Dieser Meinung waren auch seine rund 40 KameradInnen, die ihre Solidarität mit den „Justizopfern“ B. und Splettstößer zeigen wollten, und „Freiheit für alle Nationalisten“ forderten. Anwesend waren unter anderem Sascha Krolzig samt Anhang aus Hamm, Michael Brück und Ingo Aßmann mit einem Bruchteil des NW Dortmunds, einige Neonazis aus Marl, Unna und dem Kreis Lippstadt. Diese begannen um ca. 13 Uhr schließlich zu demonstrieren, nachdem man bereits vorher versuchte AntifaschistInnen zu filmen und zu fotografieren. Den Nazis gelang es nun wirklich nicht ihr Anliegen lautstark an die Bürgerinnen und Bürger zu bringen. So fand um 12 Uhr auf dem Marktplatz eine bürgerliche Kundgebung mit ca. 500 TeilnehmerInnen unter dem Motto „„Gegen rechtsradikale Umtriebe – für ein tolerantes und liebenswürdiges Ahlen“ statt. Zudem begleiteten auf den ersten hundert Metern ca. 60 AntifaschistInnen die Strecke der Nazis und übertönten diese deutliche. Eine erfolgreiche Blockierung der Strecke wurde jedoch durch die Polizei verhindert. Um 14.00 war der Aufzug der Nazis, der größtenteils durch menschenleere Straßen ging, dann auch schon vorbei und die Nazis wurden in Züge und Taxis verfrachtet.

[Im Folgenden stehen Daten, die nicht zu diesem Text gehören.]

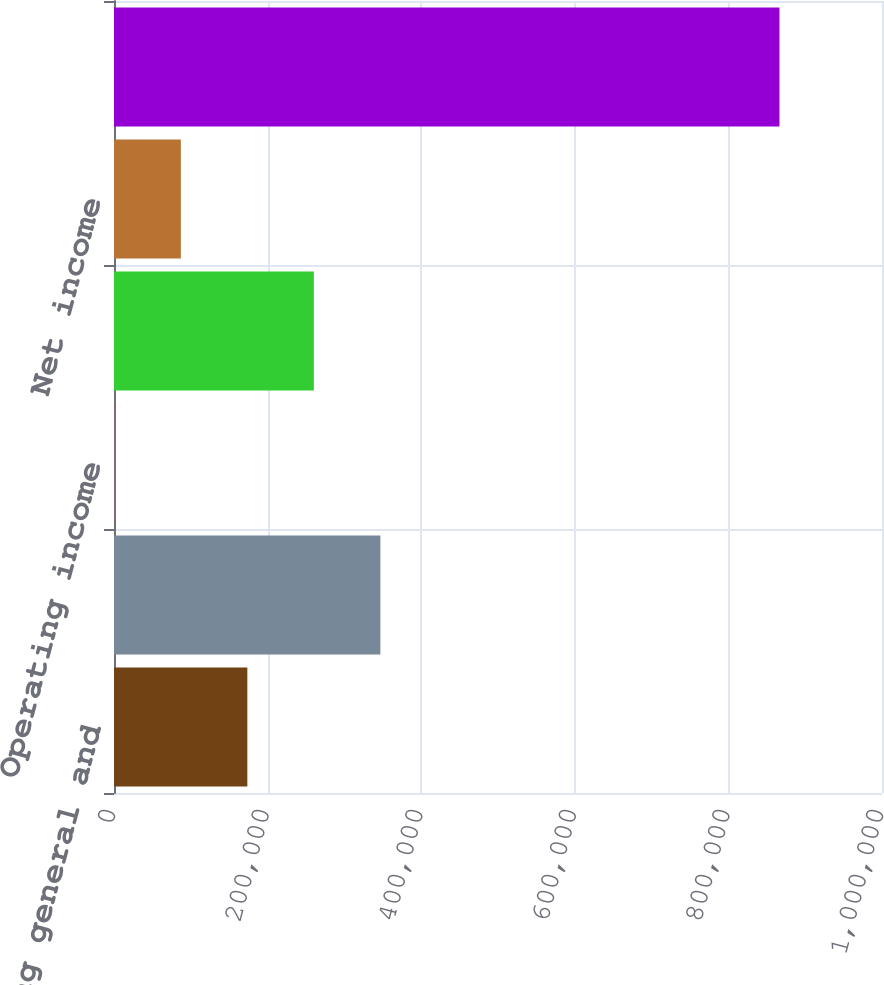Convert chart. <chart><loc_0><loc_0><loc_500><loc_500><bar_chart><fcel>Selling general and<fcel>Total operating expenses<fcel>Operating income<fcel>Income before provision for<fcel>Net income<fcel>Diluted<nl><fcel>173630<fcel>346843<fcel>417<fcel>260237<fcel>87023.6<fcel>866483<nl></chart> 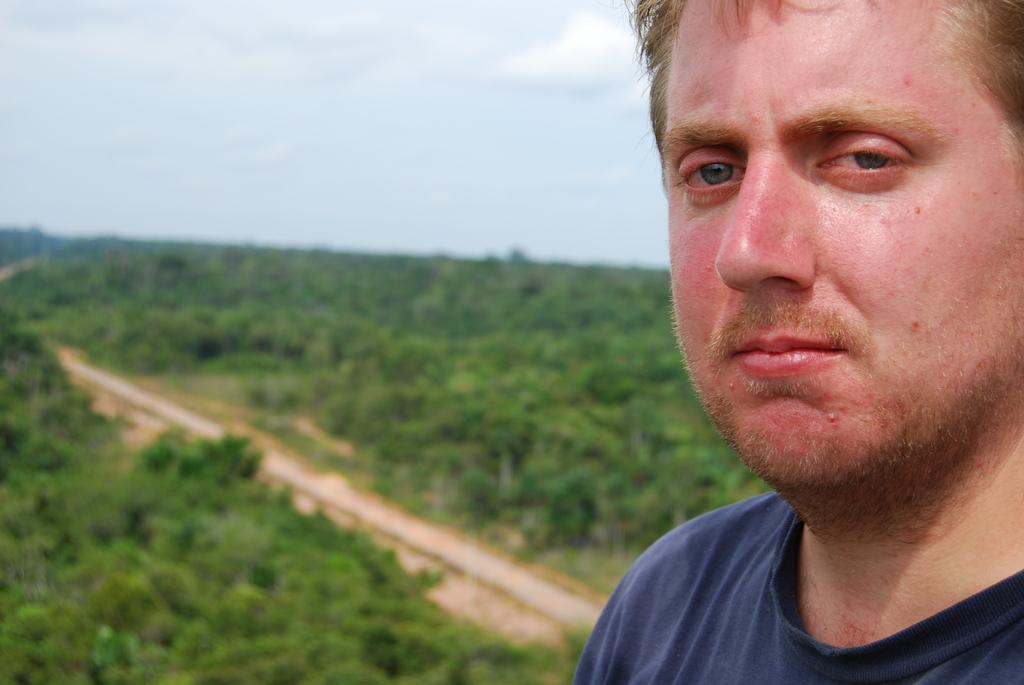Who is present in the image? There is a man in the image. What is the man wearing? The man is wearing a t-shirt. What can be seen in the background of the image? There are trees and a path visible in the background of the image. What part of the natural environment is visible in the image? The sky is visible in the image. What type of cover does the man use to protect himself from the porter in the image? There is no mention of a cover or a porter in the image; the man is simply wearing a t-shirt and standing in front of trees and a path.

Der Abtransport mit Taxis erwies sich jedoch für die Taxifahrer wenig lukrativ. So gab es direkt nach Fahrtbeginn einen Auffahrunfall der beiden Taxis, welchen die anwesenden GegendemonstrantInnen mit reichlich Gelächter quittierten. Eine scheinbar fassungslose Polizistin fragte daraufhin „Wie kann man sich nur über so etwas freuen?“ Wie heißt es doch so schön „Schadenfreude ist die schönste Freude“ oder auch „Die Strafe folgt auf dem Fuß“.
Zusammenfassend lässt sich erkennen, dass der 09.04. sicherlich ein alles andere als erfolgreicher Tag für die Ahlener Naziszene war. Ihre beiden umtriebigsten Mitglieder B. und Splettstößer werden erst einmal weniger in Erscheinung treten können, sodass es um die Zukunft der „ANA“ schlecht aussieht. Vor allem personell sind diese recht dünn besetzt und besteht inklusive SympathisantInnen in Ahlen aus maximal 10 Personen. Es bleibt abzuwarten inwiefern Ahlen für die organisierte Naziszene NRWs, bzw. des Ruhrgebiets, interessant bleibt und ob weitere „Soliaktionen“ erfolgen werden.